HESI RN
Community Health HESI
1. A public health nurse is planning a campaign to increase immunization rates among children in a low-income community. Which intervention should the nurse prioritize?
- A. Provide free immunizations at local schools
- B. Create educational materials about vaccine safety
- C. Organize a community forum to discuss immunization concerns
- D. Partner with local media to promote the importance of vaccines
Correct answer: A
Rationale: The correct answer is A: Provide free immunizations at local schools. This intervention directly addresses financial barriers and increases accessibility for families in low-income communities. By offering free immunizations at local schools, the nurse can ensure that more children receive the necessary vaccines without worrying about the cost. Choice B, creating educational materials, may be helpful but may not directly address the financial barriers that low-income families face. Choice C, organizing a community forum, can be beneficial for addressing concerns but may not result in immediate action to increase immunization rates. Choice D, partnering with local media, can help raise awareness but may not directly provide the solution of making immunizations more accessible by removing financial barriers.
2. What information should the nurse provide a client who has undergone cryosurgery for stage 1A cervical cancer?
- A. Expect heavy, watery vaginal discharge for 3 to 6 weeks.
- B. Use a tampon instead of a sanitary napkin.
- C. Report any severe cramping immediately.
- D. Avoid sexual intercourse for 3 to 6 weeks.
Correct answer: D
Rationale: After cryosurgery for stage 1A cervical cancer, clients should avoid sexual intercourse for 3 to 6 weeks to reduce the risk of infection. Heavy, watery vaginal discharge is expected but not the focus of post-procedure instructions. Using tampons is contraindicated as they can introduce bacteria into the healing cervix. While reporting severe cramping is important, avoiding sexual intercourse is the priority to prevent complications.
3. A community health nurse is conducting a neighborhood discussion group about disaster planning. What information regarding transmission of anthrax should the nurse provide to the group?
- A. Infection is acquired when anthrax spores enter a host.
- B. Mature anthrax bacteria live dormant on inanimate objects.
- C. Spores cannot survive for extended periods outside a living host.
- D. Anthrax is transmitted by respiratory droplets from person to person.
Correct answer: A
Rationale: The correct answer is A: Infection is acquired when anthrax spores enter a host. Anthrax is primarily transmitted through spores entering the body, either through the skin, inhalation, or ingestion. Person-to-person transmission of anthrax is extremely rare and not a significant mode of transmission. Choices B and C are incorrect because mature anthrax bacteria do not live dormant on inanimate objects, and spores can survive for extended periods outside a living host. Choice D is incorrect as anthrax is not transmitted by respiratory droplets from person to person.
4. The healthcare professional is developing a health education program for adolescents on the dangers of smoking. Which strategy is most likely to be effective?

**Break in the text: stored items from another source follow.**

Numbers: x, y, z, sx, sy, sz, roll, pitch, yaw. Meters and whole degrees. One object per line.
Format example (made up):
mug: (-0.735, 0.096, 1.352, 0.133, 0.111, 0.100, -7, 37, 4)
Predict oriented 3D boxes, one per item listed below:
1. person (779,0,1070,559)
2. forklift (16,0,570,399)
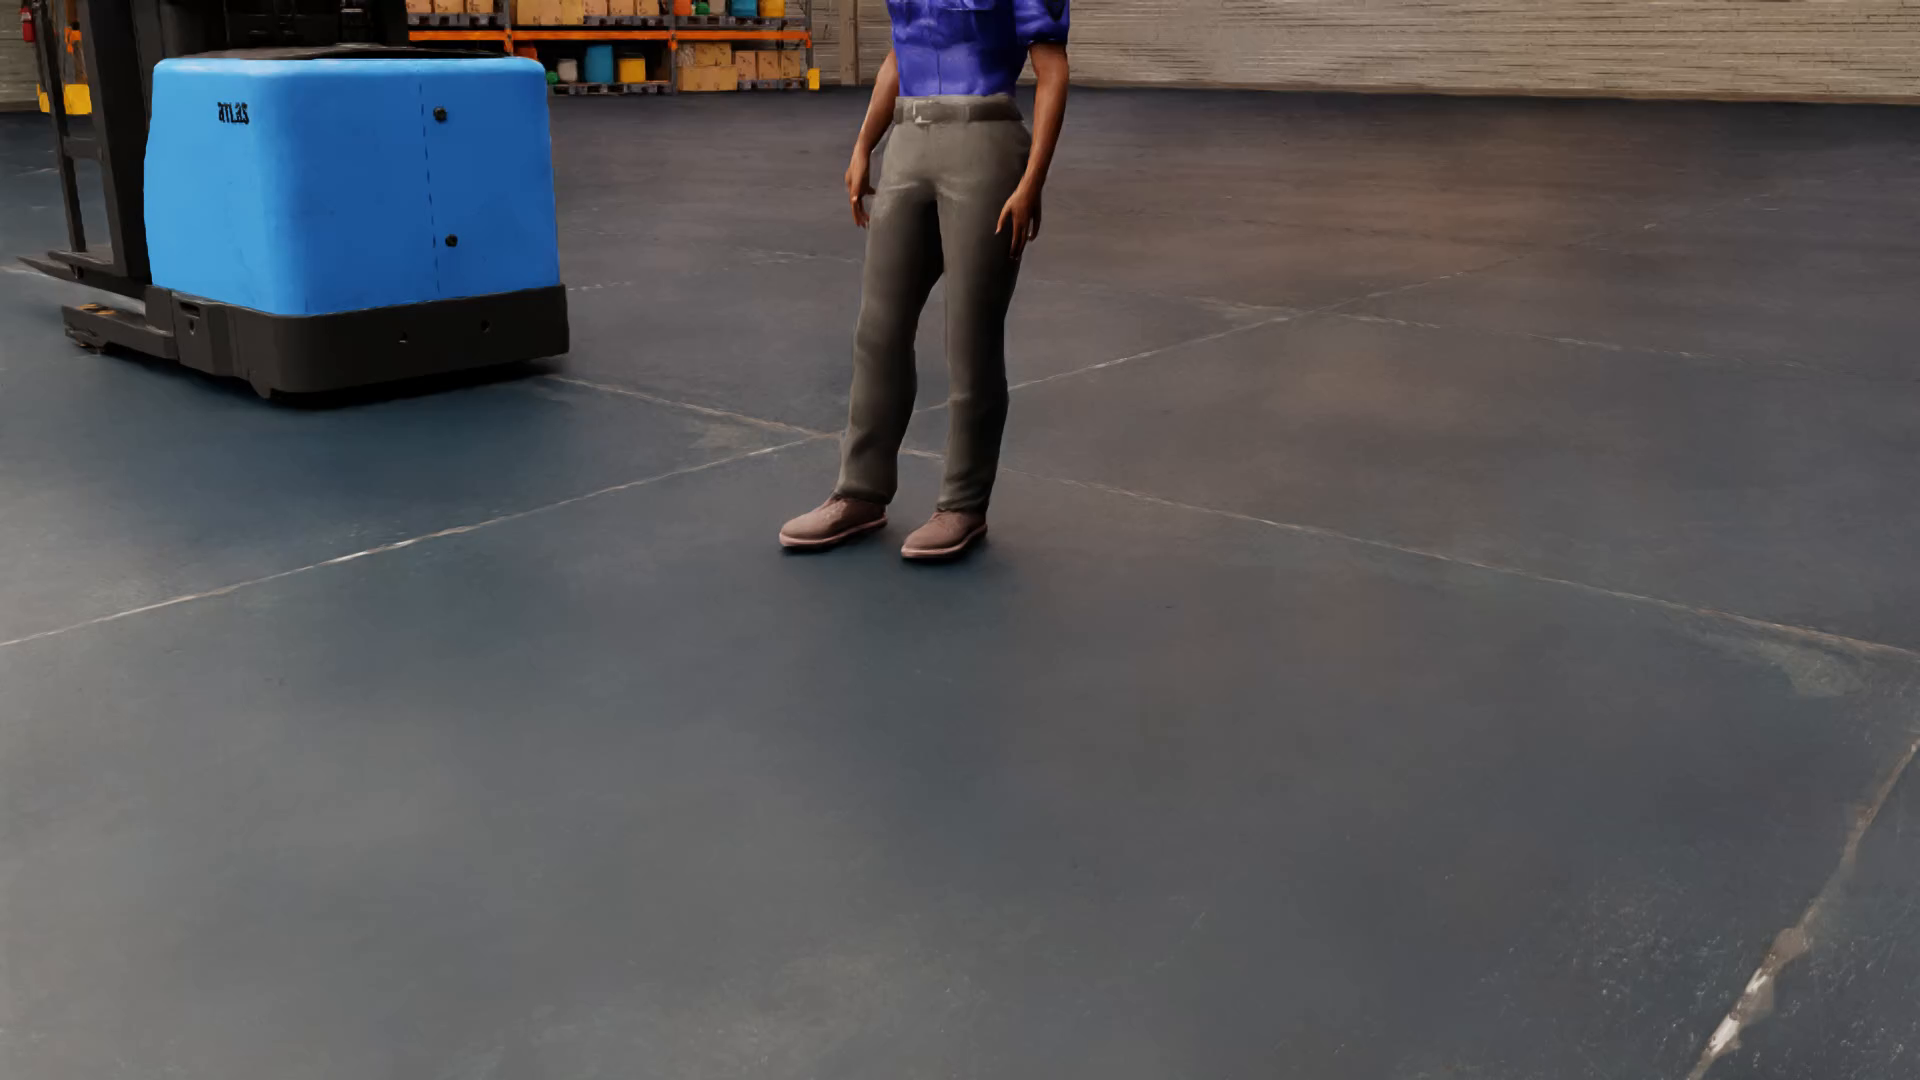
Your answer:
person: (-0.071, -0.777, 3.648, 0.570, 1.642, 0.503, 13, 21, 37)
forklift: (-2.797, -2.198, 6.135, 3.031, 2.935, 1.130, 16, 23, 41)

- A. showing graphic images of the effects of smoking
- B. inviting former smokers to share their experiences
- C. providing statistical data on smoking-related illnesses
- D. distributing pamphlets on smoking cessation resources
Correct answer: B
Rationale: Inviting former smokers to share their experiences is the most effective strategy because personal stories can have a powerful impact on adolescents and motivate them to avoid smoking. This approach makes the consequences of smoking more relatable and real, potentially influencing behavior change. Showing graphic images may be too harsh and could lead to desensitization or avoidance of the issue. Providing statistical data may not resonate as strongly with adolescents as personal stories. Distributing pamphlets, while informative, may not have the same emotional impact as hearing real-life experiences.

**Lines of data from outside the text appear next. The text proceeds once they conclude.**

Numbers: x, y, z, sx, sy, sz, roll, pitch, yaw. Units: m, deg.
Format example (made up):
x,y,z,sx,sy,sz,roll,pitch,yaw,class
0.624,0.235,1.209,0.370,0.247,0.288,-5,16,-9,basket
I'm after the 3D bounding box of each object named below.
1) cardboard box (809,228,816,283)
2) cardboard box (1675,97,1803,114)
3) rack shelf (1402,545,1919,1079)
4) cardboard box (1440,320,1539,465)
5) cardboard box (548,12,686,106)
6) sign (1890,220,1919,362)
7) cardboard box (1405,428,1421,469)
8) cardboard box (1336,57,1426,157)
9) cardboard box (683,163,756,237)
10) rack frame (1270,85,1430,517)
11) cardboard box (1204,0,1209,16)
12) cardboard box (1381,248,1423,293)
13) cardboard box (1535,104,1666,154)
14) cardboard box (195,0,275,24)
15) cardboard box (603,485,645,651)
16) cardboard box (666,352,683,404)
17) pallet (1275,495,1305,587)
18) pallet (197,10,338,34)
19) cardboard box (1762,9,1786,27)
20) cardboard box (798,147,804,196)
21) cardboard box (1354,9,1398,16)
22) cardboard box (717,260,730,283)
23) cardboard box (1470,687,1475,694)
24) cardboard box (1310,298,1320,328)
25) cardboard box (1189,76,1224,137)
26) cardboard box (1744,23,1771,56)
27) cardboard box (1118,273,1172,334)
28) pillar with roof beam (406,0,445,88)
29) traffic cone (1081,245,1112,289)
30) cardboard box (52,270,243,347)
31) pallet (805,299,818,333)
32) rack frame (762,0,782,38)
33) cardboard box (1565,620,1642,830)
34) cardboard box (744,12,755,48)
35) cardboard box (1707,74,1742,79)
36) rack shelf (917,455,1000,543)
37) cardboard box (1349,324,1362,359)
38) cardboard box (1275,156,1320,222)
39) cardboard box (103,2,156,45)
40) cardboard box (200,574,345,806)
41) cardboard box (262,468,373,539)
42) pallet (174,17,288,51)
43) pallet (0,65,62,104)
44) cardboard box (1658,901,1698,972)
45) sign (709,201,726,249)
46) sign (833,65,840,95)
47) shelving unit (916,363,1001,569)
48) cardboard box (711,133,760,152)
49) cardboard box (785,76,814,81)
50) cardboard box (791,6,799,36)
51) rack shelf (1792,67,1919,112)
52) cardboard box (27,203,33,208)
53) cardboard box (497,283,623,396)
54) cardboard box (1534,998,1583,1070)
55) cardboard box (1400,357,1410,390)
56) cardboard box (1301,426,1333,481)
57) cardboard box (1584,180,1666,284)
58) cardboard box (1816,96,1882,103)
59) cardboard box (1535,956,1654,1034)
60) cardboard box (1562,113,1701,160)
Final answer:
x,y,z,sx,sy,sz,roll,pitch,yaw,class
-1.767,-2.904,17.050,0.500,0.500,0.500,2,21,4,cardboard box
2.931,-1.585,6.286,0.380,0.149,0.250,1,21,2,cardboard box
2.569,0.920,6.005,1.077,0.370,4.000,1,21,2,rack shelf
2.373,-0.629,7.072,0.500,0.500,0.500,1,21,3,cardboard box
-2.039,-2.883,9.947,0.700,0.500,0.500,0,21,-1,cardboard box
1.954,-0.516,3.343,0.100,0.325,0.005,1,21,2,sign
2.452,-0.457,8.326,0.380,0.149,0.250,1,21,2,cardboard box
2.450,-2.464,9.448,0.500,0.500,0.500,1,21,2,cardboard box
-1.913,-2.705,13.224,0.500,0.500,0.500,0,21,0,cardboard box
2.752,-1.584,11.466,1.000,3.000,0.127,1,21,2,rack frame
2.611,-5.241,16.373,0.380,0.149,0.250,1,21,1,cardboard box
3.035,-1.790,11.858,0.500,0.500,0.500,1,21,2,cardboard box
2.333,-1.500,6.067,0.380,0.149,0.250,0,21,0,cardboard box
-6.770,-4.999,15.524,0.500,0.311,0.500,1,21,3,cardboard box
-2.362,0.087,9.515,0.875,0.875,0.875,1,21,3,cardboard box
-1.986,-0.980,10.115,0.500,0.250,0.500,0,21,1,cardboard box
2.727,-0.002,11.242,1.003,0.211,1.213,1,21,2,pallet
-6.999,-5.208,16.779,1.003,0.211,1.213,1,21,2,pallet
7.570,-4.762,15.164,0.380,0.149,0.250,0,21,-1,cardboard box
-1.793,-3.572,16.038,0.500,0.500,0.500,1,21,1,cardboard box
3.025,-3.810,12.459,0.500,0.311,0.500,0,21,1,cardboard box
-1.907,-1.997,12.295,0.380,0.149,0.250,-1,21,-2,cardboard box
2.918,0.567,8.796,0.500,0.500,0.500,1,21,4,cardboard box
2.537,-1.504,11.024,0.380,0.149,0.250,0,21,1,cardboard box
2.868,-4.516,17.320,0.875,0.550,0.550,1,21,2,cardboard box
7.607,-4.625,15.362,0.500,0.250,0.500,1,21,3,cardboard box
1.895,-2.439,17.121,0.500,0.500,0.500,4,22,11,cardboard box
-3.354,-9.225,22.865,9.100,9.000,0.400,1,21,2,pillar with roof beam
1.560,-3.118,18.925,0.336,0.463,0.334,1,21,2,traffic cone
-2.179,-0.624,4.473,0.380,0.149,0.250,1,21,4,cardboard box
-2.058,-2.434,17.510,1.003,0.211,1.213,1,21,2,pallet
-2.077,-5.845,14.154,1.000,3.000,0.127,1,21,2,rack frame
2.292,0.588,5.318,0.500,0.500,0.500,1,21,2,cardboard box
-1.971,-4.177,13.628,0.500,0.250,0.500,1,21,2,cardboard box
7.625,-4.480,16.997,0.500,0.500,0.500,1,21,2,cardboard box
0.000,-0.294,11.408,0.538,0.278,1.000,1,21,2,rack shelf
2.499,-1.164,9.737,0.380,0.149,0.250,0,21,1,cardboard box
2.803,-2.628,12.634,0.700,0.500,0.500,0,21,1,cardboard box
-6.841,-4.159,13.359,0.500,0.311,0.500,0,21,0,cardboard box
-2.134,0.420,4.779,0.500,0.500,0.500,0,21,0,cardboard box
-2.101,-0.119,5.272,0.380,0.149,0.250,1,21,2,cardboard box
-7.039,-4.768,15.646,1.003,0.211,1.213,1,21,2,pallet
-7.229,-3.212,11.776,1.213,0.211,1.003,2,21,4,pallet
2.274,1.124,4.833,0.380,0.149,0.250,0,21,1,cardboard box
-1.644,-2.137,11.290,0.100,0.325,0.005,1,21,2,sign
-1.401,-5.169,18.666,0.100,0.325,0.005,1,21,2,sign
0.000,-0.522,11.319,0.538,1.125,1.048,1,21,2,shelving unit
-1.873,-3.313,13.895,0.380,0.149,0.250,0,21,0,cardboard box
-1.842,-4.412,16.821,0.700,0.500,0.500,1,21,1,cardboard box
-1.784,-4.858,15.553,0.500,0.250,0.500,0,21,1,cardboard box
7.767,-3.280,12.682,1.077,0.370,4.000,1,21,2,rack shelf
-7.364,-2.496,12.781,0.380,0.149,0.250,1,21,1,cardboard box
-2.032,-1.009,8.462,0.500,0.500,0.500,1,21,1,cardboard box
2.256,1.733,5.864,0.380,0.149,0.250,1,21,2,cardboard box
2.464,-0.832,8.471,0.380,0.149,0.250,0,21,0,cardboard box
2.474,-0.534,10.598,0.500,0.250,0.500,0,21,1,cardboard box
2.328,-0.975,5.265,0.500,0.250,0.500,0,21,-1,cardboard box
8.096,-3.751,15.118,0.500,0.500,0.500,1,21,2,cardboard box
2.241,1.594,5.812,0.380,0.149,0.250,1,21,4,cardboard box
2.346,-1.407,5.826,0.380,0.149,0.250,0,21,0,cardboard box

5. The healthcare provider is caring for a client with hypokalemia. Which assessment finding requires immediate intervention?
- A. Muscle weakness.
- B. Irregular heart rate.
- C. Increased urinary output.
- D. Decreased deep tendon reflexes.
Correct answer: D
Rationale: Decreased deep tendon reflexes are a critical finding in hypokalemia that indicates severe potassium deficiency affecting neuromuscular function. Immediate intervention is necessary to prevent life-threatening complications such as respiratory failure or cardiac arrhythmias. Muscle weakness, irregular heart rate, and increased urinary output are also associated with hypokalemia but do not pose the same level of urgency as decreased deep tendon reflexes.